I now tried to use DifferentialEquations.jl to do it. However, it was using too much memory, and got killed by the system (using Slurm on a cluster: slurmstepd: error: Detected 1 oom-kill event(s) in StepId=30632558.0 cgroup. Some of your processes may have been killed by the cgroup out-of-memory handler. )

Are there any ways to reduce the memory usage of DifferentialEquations.jl ? I have already used solver options to only keep data at specific times (as many as I was storing before):

# define the problem
tmax = Float64(dt * (nt - 1))
f = makef(H)
prob = ODEProblem(f, v, (0, tmax))

# solve it
# save every second
sol = solve(prob, saveat=dt,
            progress=true,
            reltol=1e-5)

See full function at semiclassical-monte-carlo/montecarlo.jl at 466cece1bfcf08da8bd9923d8c513f89cde337eb · Joh11/semiclassical-monte-carlo · GitHub

From what I’ve read in the docs, the saveat settings automatically sets dense to false, so it should not use more memory than my manual methods. Are there any other settings I am not aware of to reduce memory usage ?

Try DP8(). This is defaulting to a method with automatic stiffness detection between a high order RK method and TRBDF2. Methods for stiff equations require building the Jacobian, which I presume is huge and since no sparsity pattern is specified it’ll be dense. Long story short, that dense Jacobian is probably what’s running out of memory, so choosing a method for non-stiff equations or supplying a sparsity pattern is the way to go.

4 Likes

Thanks ! I’m trying that and will mark the topic solved if it works.
I did not think the stiffness would require the Jacobian.

So it is equivalent to setting alg_hints to :nonstiff right ?

Not quite equivalent. If you set that then it’ll pick a non-stiff method, like Vern7() IIRC in this case. So it might be a different method but it’ll do “the same thing”.

Ok ! That’s what I meant.

Unfortunately it still runs out of memory.

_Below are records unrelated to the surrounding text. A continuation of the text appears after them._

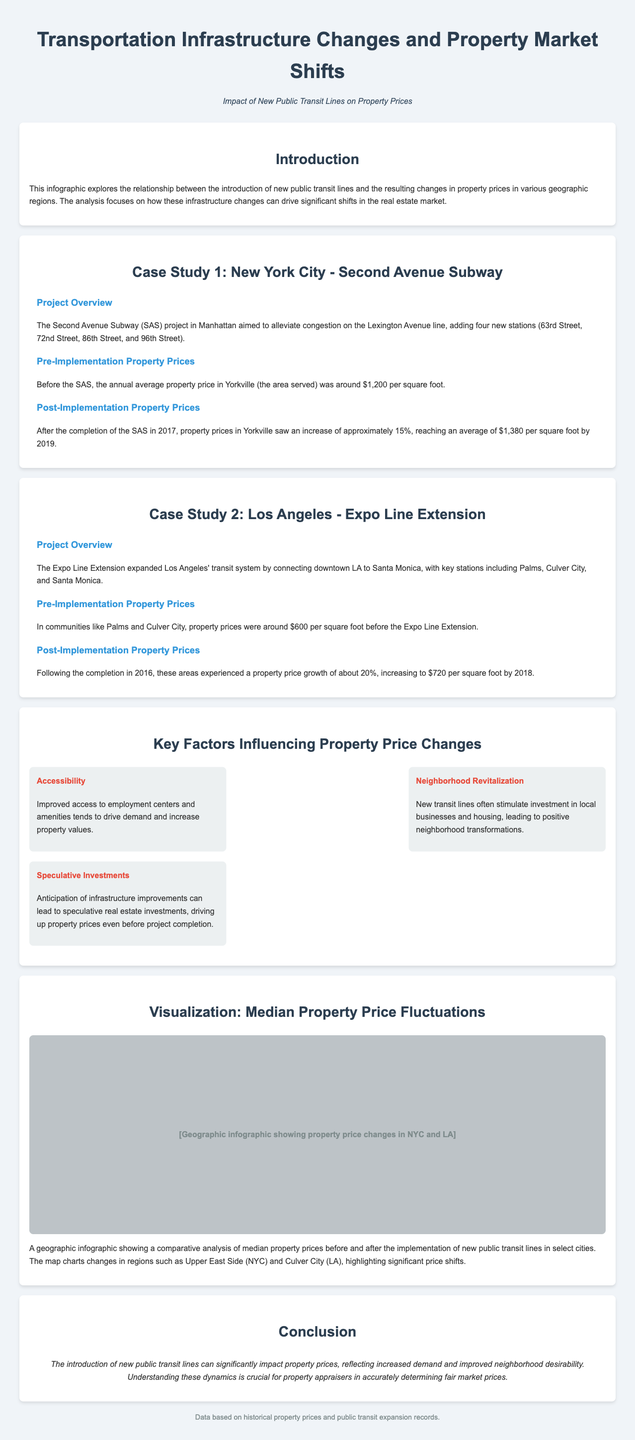what is the name of the subway project in Manhattan? The document refers to the subway project as the "Second Avenue Subway (SAS)."
Answer: Second Avenue Subway how many new stations were added in the Second Avenue Subway project? The document states that the SAS project added four new stations.
Answer: four what was the average property price in Yorkville before the SAS implementation? The pre-implementation average property price in Yorkville was around $1,200 per square foot.
Answer: $1,200 per square foot what was the percentage increase in property prices in Yorkville after the SAS completion? The document mentions a 15% increase in property prices in Yorkville following the SAS completion.
Answer: 15% which city had a property price of $600 per square foot before the Expo Line Extension? The document indicates Los Angeles had a property price of $600 per square foot before the Expo Line Extension.
Answer: Los Angeles how much did property prices increase in Culver City after the Expo Line Extension? The document notes a property price growth of about 20% in Culver City after the Expo Line Extension.
Answer: 20% what is one key factor influencing property price changes mentioned in the document? The document lists “Accessibility” as one of the key factors influencing property price changes.
Answer: Accessibility what type of visual data is included in the infographic? The document includes a geographic infographic showing median property price fluctuations.
Answer: geographic infographic how is the conclusion summarized regarding new public transit lines? The conclusion states that new public transit lines significantly impact property prices, reflecting increased demand.
Answer: significant impact 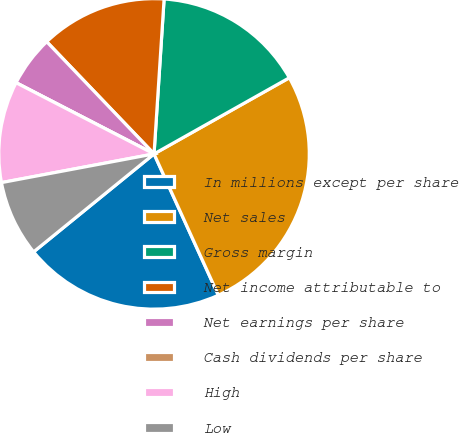Convert chart to OTSL. <chart><loc_0><loc_0><loc_500><loc_500><pie_chart><fcel>In millions except per share<fcel>Net sales<fcel>Gross margin<fcel>Net income attributable to<fcel>Net earnings per share<fcel>Cash dividends per share<fcel>High<fcel>Low<nl><fcel>20.93%<fcel>26.36%<fcel>15.81%<fcel>13.18%<fcel>5.27%<fcel>0.0%<fcel>10.54%<fcel>7.91%<nl></chart> 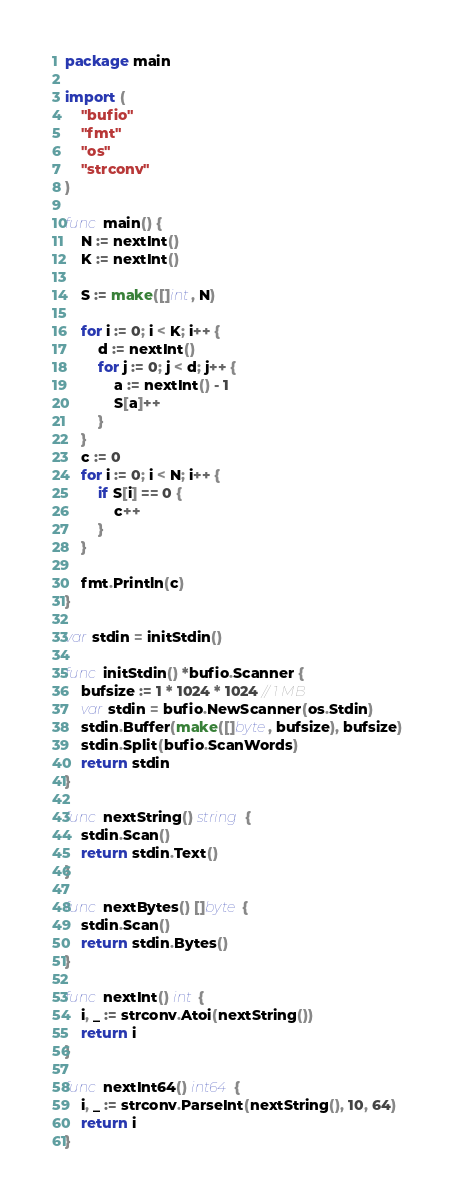<code> <loc_0><loc_0><loc_500><loc_500><_Go_>package main

import (
	"bufio"
	"fmt"
	"os"
	"strconv"
)

func main() {
	N := nextInt()
	K := nextInt()

	S := make([]int, N)

	for i := 0; i < K; i++ {
		d := nextInt()
		for j := 0; j < d; j++ {
			a := nextInt() - 1
			S[a]++
		}
	}
	c := 0
	for i := 0; i < N; i++ {
		if S[i] == 0 {
			c++
		}
	}

	fmt.Println(c)
}

var stdin = initStdin()

func initStdin() *bufio.Scanner {
	bufsize := 1 * 1024 * 1024 // 1 MB
	var stdin = bufio.NewScanner(os.Stdin)
	stdin.Buffer(make([]byte, bufsize), bufsize)
	stdin.Split(bufio.ScanWords)
	return stdin
}

func nextString() string {
	stdin.Scan()
	return stdin.Text()
}

func nextBytes() []byte {
	stdin.Scan()
	return stdin.Bytes()
}

func nextInt() int {
	i, _ := strconv.Atoi(nextString())
	return i
}

func nextInt64() int64 {
	i, _ := strconv.ParseInt(nextString(), 10, 64)
	return i
}
</code> 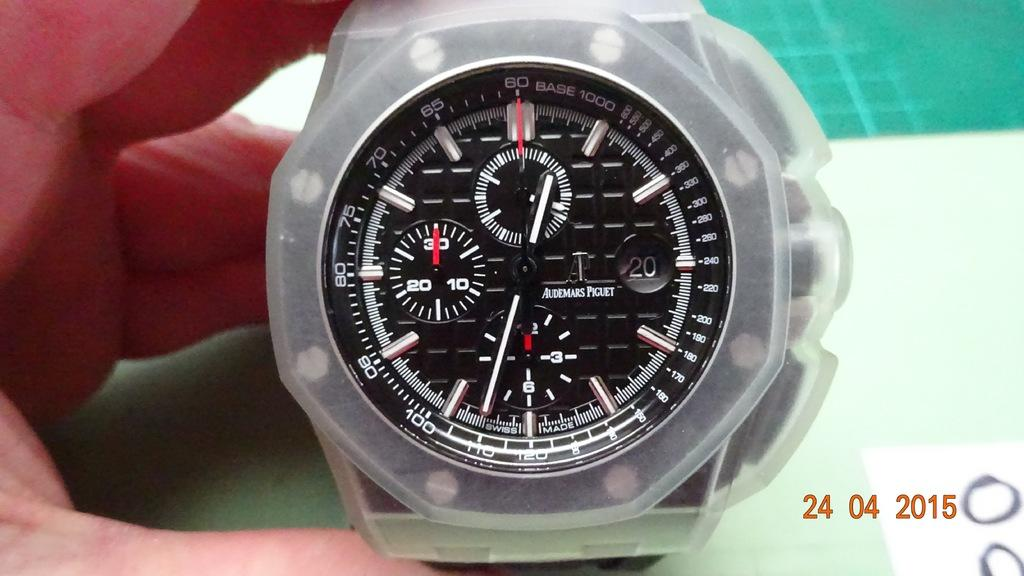<image>
Render a clear and concise summary of the photo. Audemars Piguet men's watch in plastic case with Base 1000. 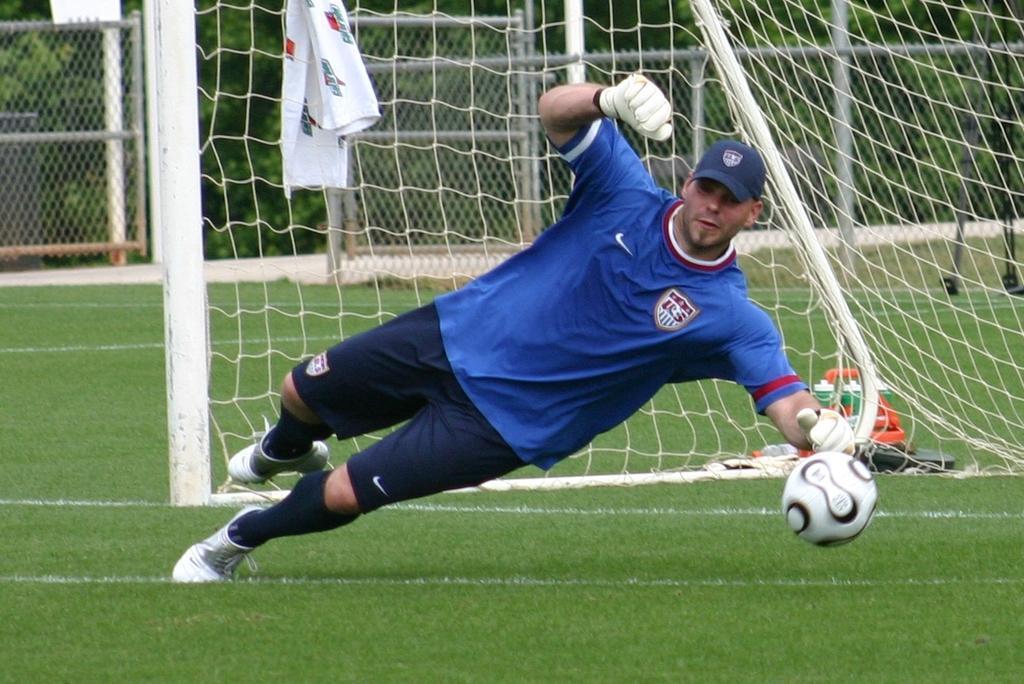Please provide a concise description of this image. In this image I can see a person wearing blue t shirt, blue short, blue hat and white shoe is jumping to catch the ball. I can see some grass and the goal post. I can see a white colored cloth. In the background I can see the metal fencing and few trees. 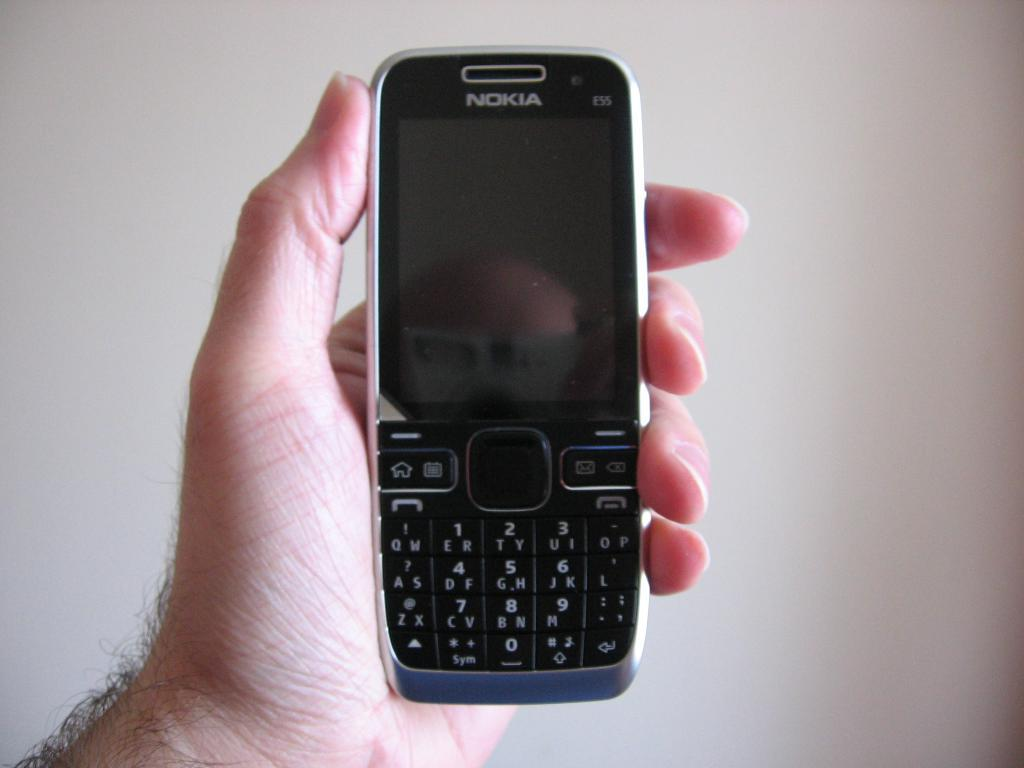<image>
Describe the image concisely. A person holding a black phone made by Nokia. 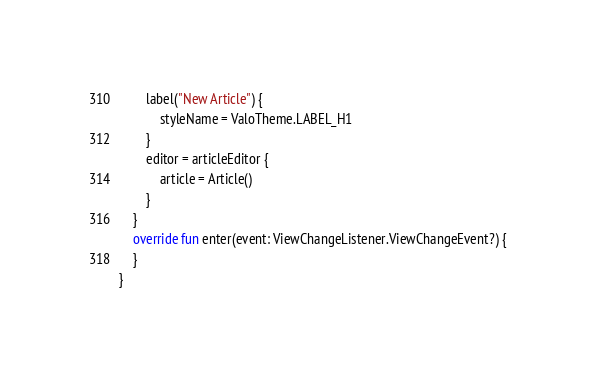Convert code to text. <code><loc_0><loc_0><loc_500><loc_500><_Kotlin_>        label("New Article") {
            styleName = ValoTheme.LABEL_H1
        }
        editor = articleEditor {
            article = Article()
        }
    }
    override fun enter(event: ViewChangeListener.ViewChangeEvent?) {
    }
}
</code>

The solver stores the solution as a Vector{T}, where T is the type of the initial condition vector. However, to integrate with the rest of my code, I would like to convert the solution to a rank 4 Vector, with the last axis being the time index. I thus have the following code to copy the solution to such a vector (semiclassical-monte-carlo/montecarlo.jl at 466cece1bfcf08da8bd9923d8c513f89cde337eb · Joh11/semiclassical-monte-carlo · GitHub):

# put it in a format usable by the rest of the code
    nt = length(sol)
    L = size(v)[2]
    ret = zeros(Vec3, H.Ns, L, L, nt)

    for n in eachindex(sol.u)
        @views ret[:, :, :, n] = sol.u[n]
    end
    
    ret

This obviously doubles the memory requirements of my code, and I suspect this is now what’s exhausting my memory. Is there a way to convert between these two data types without allocating a new vector ?

Else I will probably have to rework the rest of the code to use this, but I’d ideally keep it untouched.

The sol object already acts like that: sol[i,j,k,n] if the initial condition is a 3-tensor.

1 Like

Thanks ! Julia indexing is even more flexible than I was thinking… I have to look more into it.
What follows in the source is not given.